According to Article 8(1)(b) of Regulation No 207/2009, a trade mark should not be registered if because of its identity with, or similarity to, an earlier trade mark and the identity or similarity of the goods or services covered by the trade marks, there exists a likelihood of confusion on the part of the public in the territory in which the earlier trade mark is protected. The likelihood of confusion includes the likelihood of association with the earlier trade mark.

Chanel's main argument was that the marks are indeed similar, because when Huawei's logo is rotated by 90 degrees it is visually similar to an average degree to Chanel's own logo.
 
General Court's decision

The assessment of the visual, phonetic and conceptual similarity of the signs at issue must be based on the overall impression generated by the signs, bearing in mind their distinctive and dominant elements. The General Court considered the case law and confirmed that when assessing similarity, signs must be compared in the form in which they are registered. The actual or hypothetical use of registered marks in another form (such as rotated 90 degrees) is irrelevant when comparing the signs.

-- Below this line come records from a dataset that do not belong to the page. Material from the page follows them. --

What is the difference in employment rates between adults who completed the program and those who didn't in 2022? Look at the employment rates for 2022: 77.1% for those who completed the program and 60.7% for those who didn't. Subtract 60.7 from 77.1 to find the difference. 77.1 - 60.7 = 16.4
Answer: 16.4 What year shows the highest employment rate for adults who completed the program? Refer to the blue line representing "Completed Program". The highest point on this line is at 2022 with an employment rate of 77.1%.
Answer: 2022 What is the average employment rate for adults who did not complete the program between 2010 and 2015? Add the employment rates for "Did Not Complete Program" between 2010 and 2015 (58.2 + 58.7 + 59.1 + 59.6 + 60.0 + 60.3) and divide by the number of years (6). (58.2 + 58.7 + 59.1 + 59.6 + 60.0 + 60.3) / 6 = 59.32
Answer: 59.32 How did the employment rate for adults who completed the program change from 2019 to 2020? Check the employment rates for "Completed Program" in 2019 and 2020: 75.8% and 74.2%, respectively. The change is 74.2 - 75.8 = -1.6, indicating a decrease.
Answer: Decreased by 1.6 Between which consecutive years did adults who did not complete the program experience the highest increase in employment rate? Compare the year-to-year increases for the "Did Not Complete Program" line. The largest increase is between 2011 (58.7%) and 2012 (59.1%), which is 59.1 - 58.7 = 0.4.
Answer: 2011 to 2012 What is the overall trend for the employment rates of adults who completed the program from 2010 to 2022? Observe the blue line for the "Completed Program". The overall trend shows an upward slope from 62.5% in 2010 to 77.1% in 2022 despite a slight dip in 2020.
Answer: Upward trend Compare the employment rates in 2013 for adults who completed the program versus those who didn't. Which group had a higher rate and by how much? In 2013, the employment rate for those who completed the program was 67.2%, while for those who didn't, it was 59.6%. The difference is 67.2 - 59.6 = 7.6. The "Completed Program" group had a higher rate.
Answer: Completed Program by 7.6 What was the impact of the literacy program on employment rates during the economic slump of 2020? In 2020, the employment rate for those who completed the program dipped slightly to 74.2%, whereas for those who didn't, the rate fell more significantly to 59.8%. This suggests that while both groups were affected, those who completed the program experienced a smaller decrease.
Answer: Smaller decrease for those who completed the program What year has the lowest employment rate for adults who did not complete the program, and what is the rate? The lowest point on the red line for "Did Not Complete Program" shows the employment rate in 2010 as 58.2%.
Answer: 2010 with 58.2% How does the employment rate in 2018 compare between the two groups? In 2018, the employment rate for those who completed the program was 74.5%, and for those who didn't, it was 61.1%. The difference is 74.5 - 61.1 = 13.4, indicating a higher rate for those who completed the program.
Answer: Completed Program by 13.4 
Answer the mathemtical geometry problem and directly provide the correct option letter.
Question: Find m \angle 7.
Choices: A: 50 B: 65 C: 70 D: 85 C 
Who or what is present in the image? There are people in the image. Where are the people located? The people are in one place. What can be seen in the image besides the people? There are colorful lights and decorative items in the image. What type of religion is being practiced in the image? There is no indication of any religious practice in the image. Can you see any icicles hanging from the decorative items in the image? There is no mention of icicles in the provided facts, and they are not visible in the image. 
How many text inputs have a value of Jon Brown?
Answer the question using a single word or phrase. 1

The General Court noted a number of differences between the marks, including:
 
  • Huawei's logo consists of a circle containing two curves resembling the image of two black letters ‘u’ positioned vertically and as an inverted mirror image, which cross and intersect to form a central element constituting a horizontal ellipse.
  • Chanel's logo consists of a circle containing two curves resembling the image of two black letters ‘c’ positioned horizontally and as an inverted mirror image, which cross and intersect to form a central element constituting a vertical ellipse.
  • In Chanel's logo, the curves have a more rounded shape.
  • In Chanel's logo, the line of the curves has a greater thickness.
  • In Huawei's logo, the intersection of the interlaced curves of the mark applied for is visible as the line is interrupted in the places where those curves cross.
Taking the above into account, the General Court found that there was no similarity between Huawei's logo and either of Chanel's trade marks, and so the action was dismissed. (See Chanel SAS v EUIPO T-44/20 for the judgment.)
 
Thoughts and comments

The decision confirms that when assessing similarity of marks, only the protected version of those marks should be taken into account. Any hypothetical use, which may differ from the registration, is irrelevant when making the assessment.

Huawei is currently using its logo in relation to the Huawei AI Life app, which appears to be for its smart home offering. Chanel is likely to monitor such use with a view to taking further action if Huawei's use of the logo conflicts with its own goods and services. In the UK at least, Chanel may have a stronger case against Huawei under the tort of passing off – in this situation, the court should be able to consider the commercial reality (such as goods bearing the logos being rotated in different directions) rather than being limited to the strict comparison of trade marks as filed / registered as required by the EUIPO.

Finally, Chanel may seek to appeal the General Court's decision. If leave to appeal is granted, an appeal (limited to points of law only) may be brought before the Court of Justice.